» SOURCE MATERIAL
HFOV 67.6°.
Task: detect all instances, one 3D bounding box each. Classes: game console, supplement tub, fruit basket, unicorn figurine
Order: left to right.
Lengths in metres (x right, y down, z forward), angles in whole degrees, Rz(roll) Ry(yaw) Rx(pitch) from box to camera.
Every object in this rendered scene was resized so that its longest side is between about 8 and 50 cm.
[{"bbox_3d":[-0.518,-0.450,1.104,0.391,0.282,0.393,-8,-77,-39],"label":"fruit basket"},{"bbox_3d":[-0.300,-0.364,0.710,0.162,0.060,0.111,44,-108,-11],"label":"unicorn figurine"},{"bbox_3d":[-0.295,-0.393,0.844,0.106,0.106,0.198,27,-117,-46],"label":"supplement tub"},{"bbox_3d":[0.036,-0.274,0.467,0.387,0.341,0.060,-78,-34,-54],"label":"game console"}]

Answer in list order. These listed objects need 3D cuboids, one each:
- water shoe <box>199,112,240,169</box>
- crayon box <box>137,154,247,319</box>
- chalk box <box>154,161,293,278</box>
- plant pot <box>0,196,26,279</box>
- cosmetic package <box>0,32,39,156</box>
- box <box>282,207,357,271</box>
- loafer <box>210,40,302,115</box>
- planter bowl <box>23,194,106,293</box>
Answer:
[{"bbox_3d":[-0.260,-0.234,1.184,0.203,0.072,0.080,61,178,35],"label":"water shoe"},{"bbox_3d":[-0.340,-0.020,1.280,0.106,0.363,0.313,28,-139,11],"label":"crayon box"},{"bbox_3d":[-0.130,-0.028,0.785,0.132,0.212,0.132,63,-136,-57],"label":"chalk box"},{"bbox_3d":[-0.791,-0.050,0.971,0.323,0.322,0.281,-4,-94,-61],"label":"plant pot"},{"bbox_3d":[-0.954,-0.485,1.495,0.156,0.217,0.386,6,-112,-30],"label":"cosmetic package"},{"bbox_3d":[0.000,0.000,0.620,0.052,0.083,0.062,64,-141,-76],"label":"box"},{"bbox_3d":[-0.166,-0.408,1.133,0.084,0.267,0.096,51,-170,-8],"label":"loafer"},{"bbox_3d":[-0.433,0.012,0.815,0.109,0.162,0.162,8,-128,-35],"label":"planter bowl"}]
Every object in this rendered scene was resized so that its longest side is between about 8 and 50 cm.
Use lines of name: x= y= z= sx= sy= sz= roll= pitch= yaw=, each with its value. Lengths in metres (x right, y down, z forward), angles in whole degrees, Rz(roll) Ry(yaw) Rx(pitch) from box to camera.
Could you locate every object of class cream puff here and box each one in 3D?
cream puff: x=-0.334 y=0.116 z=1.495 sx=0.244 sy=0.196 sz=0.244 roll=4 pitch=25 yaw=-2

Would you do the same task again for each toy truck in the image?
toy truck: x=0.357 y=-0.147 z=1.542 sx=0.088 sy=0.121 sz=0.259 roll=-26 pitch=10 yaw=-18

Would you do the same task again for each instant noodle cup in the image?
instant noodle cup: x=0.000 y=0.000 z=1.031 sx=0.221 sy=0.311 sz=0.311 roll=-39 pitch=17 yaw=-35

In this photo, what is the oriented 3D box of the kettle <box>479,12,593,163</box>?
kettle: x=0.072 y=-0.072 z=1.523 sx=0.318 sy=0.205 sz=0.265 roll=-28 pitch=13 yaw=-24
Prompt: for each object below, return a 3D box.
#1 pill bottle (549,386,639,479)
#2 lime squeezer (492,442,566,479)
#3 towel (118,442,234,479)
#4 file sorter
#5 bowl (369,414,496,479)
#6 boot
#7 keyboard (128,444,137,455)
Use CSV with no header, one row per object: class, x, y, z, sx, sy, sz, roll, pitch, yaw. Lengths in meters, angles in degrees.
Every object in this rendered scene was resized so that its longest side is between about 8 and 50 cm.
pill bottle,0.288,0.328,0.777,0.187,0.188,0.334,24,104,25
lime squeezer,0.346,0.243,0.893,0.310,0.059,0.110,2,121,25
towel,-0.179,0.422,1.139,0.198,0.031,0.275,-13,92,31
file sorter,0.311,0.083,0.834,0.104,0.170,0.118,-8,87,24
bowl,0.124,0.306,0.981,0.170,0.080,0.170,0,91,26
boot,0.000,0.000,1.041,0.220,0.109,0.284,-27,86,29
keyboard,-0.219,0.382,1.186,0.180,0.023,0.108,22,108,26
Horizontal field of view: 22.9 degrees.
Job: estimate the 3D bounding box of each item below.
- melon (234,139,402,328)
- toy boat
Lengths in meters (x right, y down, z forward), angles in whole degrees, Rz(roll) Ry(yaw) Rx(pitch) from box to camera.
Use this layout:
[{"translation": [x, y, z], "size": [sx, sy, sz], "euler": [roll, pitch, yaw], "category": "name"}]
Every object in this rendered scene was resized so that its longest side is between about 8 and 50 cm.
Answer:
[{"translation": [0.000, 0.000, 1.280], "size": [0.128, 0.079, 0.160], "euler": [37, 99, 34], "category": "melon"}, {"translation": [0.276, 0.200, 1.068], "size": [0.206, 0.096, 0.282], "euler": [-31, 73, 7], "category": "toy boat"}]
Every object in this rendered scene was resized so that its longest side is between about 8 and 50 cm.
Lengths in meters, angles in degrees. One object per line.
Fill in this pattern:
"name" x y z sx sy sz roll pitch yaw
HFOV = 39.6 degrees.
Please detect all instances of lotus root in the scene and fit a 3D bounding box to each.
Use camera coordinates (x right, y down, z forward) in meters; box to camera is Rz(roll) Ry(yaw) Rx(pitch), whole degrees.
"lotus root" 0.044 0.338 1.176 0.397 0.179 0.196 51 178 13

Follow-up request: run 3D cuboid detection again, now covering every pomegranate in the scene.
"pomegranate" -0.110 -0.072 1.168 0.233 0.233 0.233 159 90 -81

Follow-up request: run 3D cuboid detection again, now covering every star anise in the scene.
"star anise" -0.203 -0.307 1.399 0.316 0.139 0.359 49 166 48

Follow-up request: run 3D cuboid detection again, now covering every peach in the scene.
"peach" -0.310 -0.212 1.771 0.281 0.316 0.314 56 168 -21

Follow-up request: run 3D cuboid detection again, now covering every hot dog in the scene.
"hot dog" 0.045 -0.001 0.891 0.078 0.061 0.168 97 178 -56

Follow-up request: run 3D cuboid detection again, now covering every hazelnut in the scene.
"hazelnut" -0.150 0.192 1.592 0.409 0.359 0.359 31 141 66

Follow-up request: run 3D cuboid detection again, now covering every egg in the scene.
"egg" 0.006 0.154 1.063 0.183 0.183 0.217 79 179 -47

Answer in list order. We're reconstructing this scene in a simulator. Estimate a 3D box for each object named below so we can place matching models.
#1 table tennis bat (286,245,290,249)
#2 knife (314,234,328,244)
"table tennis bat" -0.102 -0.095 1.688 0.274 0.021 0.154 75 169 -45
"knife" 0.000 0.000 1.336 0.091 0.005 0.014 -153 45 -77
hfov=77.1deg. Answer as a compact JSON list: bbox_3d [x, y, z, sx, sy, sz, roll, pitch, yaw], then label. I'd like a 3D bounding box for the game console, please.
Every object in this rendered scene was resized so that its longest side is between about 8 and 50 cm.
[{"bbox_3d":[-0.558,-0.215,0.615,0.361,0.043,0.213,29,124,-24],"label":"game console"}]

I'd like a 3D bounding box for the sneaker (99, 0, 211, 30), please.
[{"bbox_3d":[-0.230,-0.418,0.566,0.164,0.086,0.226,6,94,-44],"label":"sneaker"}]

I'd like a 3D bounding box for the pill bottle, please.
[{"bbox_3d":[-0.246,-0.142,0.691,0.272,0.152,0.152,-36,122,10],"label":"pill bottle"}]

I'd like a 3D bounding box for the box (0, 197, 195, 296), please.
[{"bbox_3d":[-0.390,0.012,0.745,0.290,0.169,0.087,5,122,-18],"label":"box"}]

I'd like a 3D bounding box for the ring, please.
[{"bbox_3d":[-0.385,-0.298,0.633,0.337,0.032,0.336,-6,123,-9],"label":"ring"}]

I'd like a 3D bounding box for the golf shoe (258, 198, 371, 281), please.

» ABOUT THIS EXERCISE
What this exercise asks for is every line of the data above with the word "below".

» WRITTEN ANSWER
Prompt: for each object below, return a 3D box.
Job: estimate the 3D bounding box of each item below.
Answer in list order. We're reconstructing this scene in a simulator. Estimate a 3D box for each object named below so we can place matching models.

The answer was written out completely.